This point is important. The police can't police themselves, and for a lasting solution to this problem to emerge there'll have to be major structural changes to the way police oversight and review is carried out.
I hope these protests are a turning point that'll lead to such reforms, but I suspect no significant changes will occur. Hopefully I'll be proven wrong.
Protests might have been unorganized, but riots most certainly are organized. Torching a police car carries a minimum 5 year sentence. It's not the protesters who are doing that.
Moreover, it is still being "organized". Someone keeps dropping off pallets with bricks. There are agitator leaflets all over twitter. People have been recorded on video handing out cash to "protesters" from a thick wad of bills. Someone is organizing and funding the riots.

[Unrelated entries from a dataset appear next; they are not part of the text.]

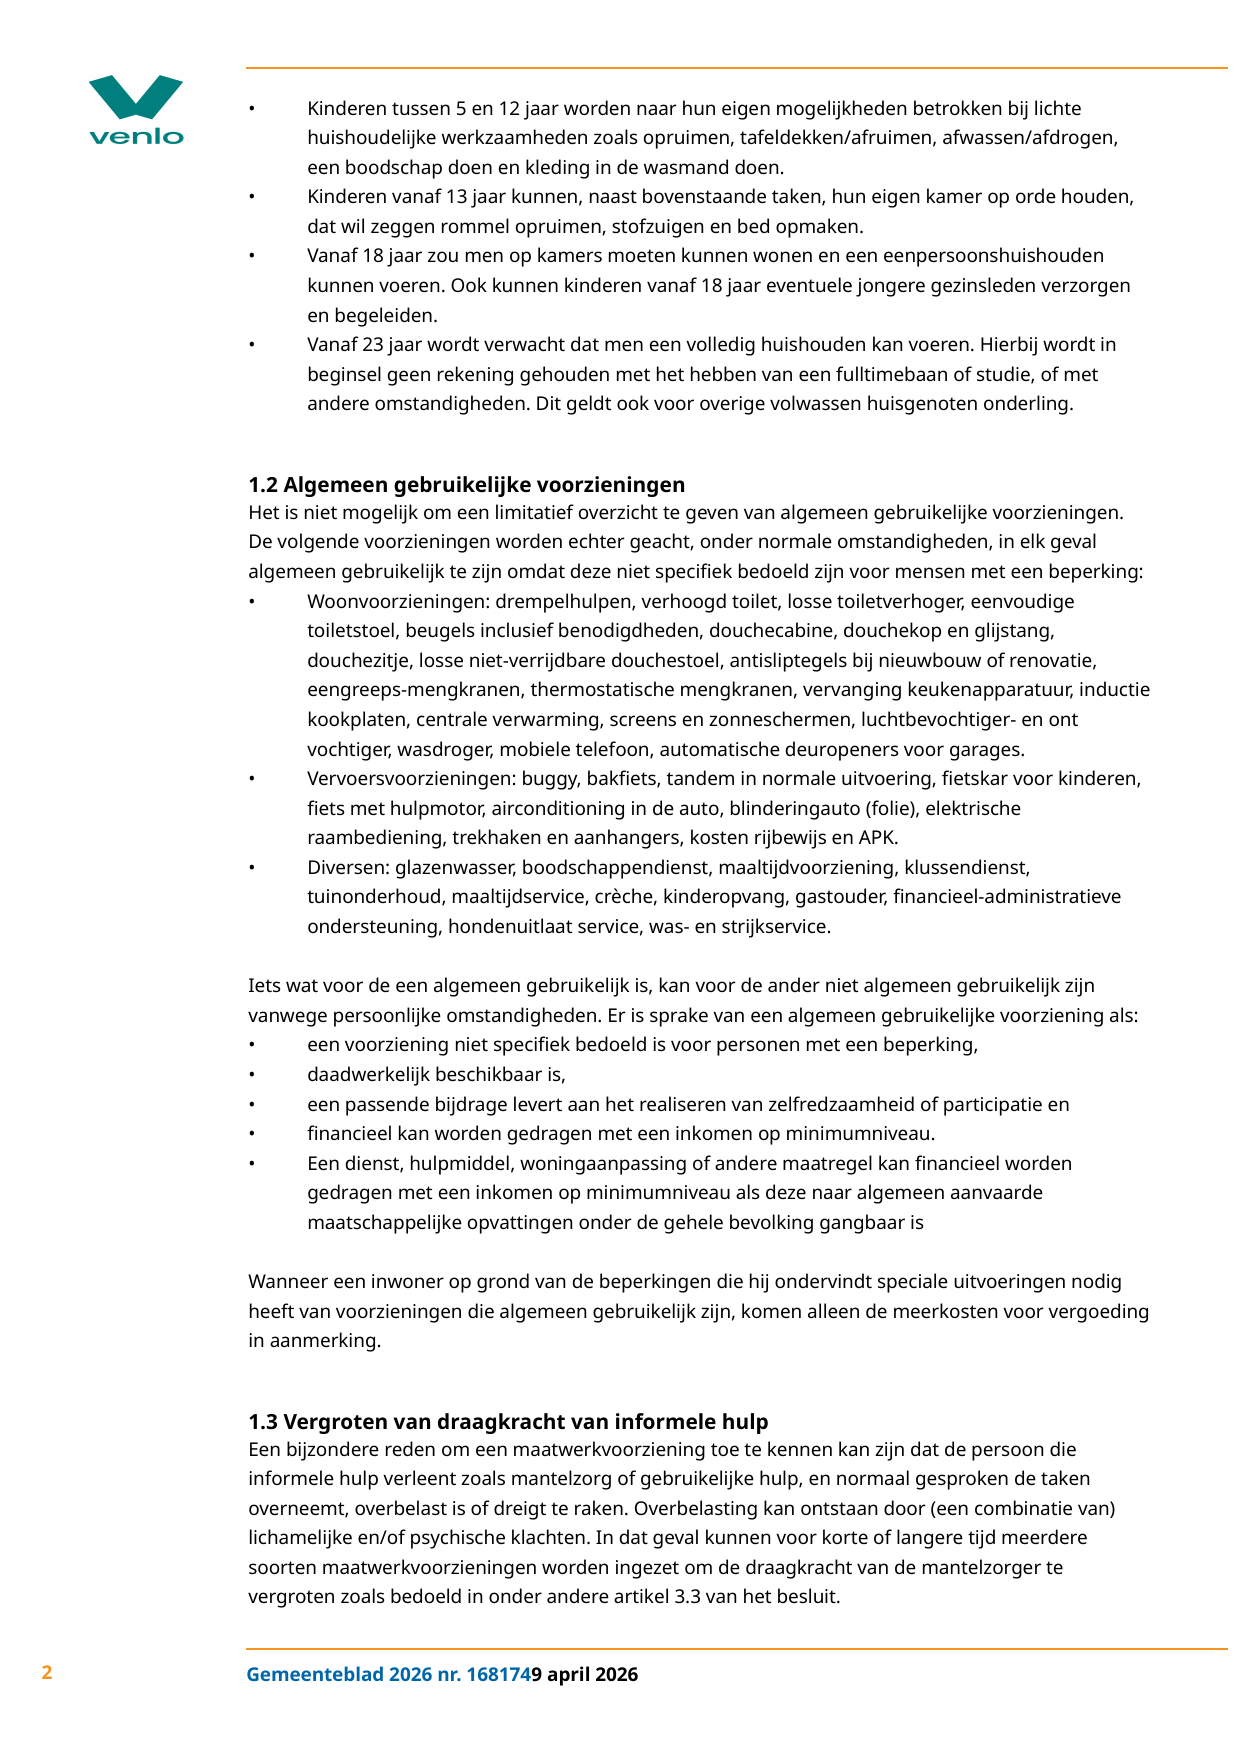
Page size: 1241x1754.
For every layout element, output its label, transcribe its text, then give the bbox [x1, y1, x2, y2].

text Het is niet mogelijk om een limitatief overzicht te geven van algemeen gebruikelijke voorzieningen. De volgende voorzieningen worden echter geacht, onder normale omstandigheden, in elk geval algemeen gebruikelijk te zijn omdat deze niet specifiek bedoeld zijn voor mensen met een beperking: [248, 499, 1152, 584]
list Vanaf 23 jaar wordt verwacht dat men een volledig huishouden kan voeren. Hierbij wordt in beginsel geen rekening gehouden met het hebben van een fulltimebaan of studie, of met andere omstandigheden. Dit geldt ook voor overige volwassen huisgenoten onderling. [248, 331, 1152, 416]
list Kinderen vanaf 13 jaar kunnen, naast bovenstaande taken, hun eigen kamer op orde houden, dat wil zeggen rommel opruimen, stofzuigen en bed opmaken. [248, 183, 1152, 239]
list financieel kan worden gedragen met een inkomen op minimumniveau. [248, 1120, 1152, 1146]
text Iets wat voor de een algemeen gebruikelijk is, kan voor de ander niet algemeen gebruikelijk zijn vanwege persoonlijke omstandigheden. Er is sprake van een algemeen gebruikelijke voorziening als: [248, 972, 1152, 1028]
picture [41, 47, 231, 172]
list Diversen: glazenwasser, boodschappendienst, maaltijdvoorziening, klussendienst, tuinonderhoud, maaltijdservice, crèche, kinderopvang, gastouder, financieel-administratieve ondersteuning, hondenuitlaat service, was- en strijkservice. [248, 854, 1152, 939]
list een passende bijdrage levert aan het realiseren van zelfredzaamheid of participatie en [248, 1091, 1152, 1116]
list Vanaf 18 jaar zou men op kamers moeten kunnen wonen en een eenpersoonshuishouden kunnen voeren. Ook kunnen kinderen vanaf 18 jaar eventuele jongere gezinsleden verzorgen en begeleiden. [248, 243, 1152, 328]
text Wanneer een inwoner op grond van de beperkingen die hij ondervindt speciale uitvoeringen nodig heeft van voorzieningen die algemeen gebruikelijk zijn, komen alleen de meerkosten voor vergoeding in aanmerking. [248, 1268, 1152, 1353]
list Woonvoorzieningen: drempelhulpen, verhoogd toilet, losse toiletverhoger, eenvoudige toiletstoel, beugels inclusief benodigdheden, douchecabine, douchekop en glijstang, douchezitje, losse niet-verrijdbare douchestoel, antisliptegels bij nieuwbouw of renovatie, eengreeps-mengkranen, thermostatische mengkranen, vervanging keukenapparatuur, inductie kookplaten, centrale verwarming, screens en zonneschermen, luchtbevochtiger- en ont vochtiger, wasdroger, mobiele telefoon, automatische deuropeners voor garages. [248, 588, 1152, 761]
text 1.2 Algemeen gebruikelijke voorzieningen [248, 471, 1152, 499]
list Een dienst, hulpmiddel, woningaanpassing of andere maatregel kan financieel worden gedragen met een inkomen op minimumniveau als deze naar algemeen aanvaarde maatschappelijke opvattingen onder de gehele bevolking gangbaar is [248, 1150, 1152, 1235]
text 1.3 Vergroten van draagkracht van informele hulp [248, 1407, 1152, 1436]
text Een bijzondere reden om een maatwerkvoorziening toe te kennen kan zijn dat de persoon die informele hulp verleent zoals mantelzorg of gebruikelijke hulp, en normaal gesproken de taken overneemt, overbelast is of dreigt te raken. Overbelasting kan ontstaan door (een combinatie van) lichamelijke en/of psychische klachten. In dat geval kunnen voor korte of langere tijd meerdere soorten maatwerkvoorzieningen worden ingezet om de draagkracht van de mantelzorger te vergroten zoals bedoeld in onder andere artikel 3.3 van het besluit. [248, 1436, 1152, 1609]
list daadwerkelijk beschikbaar is, [248, 1061, 1152, 1087]
list een voorziening niet specifiek bedoeld is voor personen met een beperking, [248, 1032, 1152, 1057]
list Vervoersvoorzieningen: buggy, bakfiets, tandem in normale uitvoering, fietskar voor kinderen, fiets met hulpmotor, airconditioning in de auto, blinderingauto (folie), elektrische raambediening, trekhaken en aanhangers, kosten rijbewijs en APK. [248, 765, 1152, 850]
list Kinderen tussen 5 en 12 jaar worden naar hun eigen mogelijkheden betrokken bij lichte huishoudelijke werkzaamheden zoals opruimen, tafeldekken/afruimen, afwassen/afdrogen, een boodschap doen en kleding in de wasmand doen. [248, 95, 1152, 180]

The very next day we had several trucks unloading beds of bricks and large rocks throughout the Plaza (where protests were and would be again that night) throughout the day and people were snapping videos of at least two buses full of protesters in the full black getup unloading on the edge of the Plaza a few hours before sundown. That night we had 85 arrests, multiple cars set on fire, multiple officers put in the hospital, and plenty of CS gas in the streets.
After seeing the peaceful protest on Friday, I find it a little bit suspicious that the crowds grew so quickly and things escalated so quickly (and intentionally, by the looks of people dropping of brick caches) just 24 hours later.
It is more likely the police are doing this as a sign of their own solidarity with other police officers rather than with the protestors. After all, this entire thing started because of kneeling.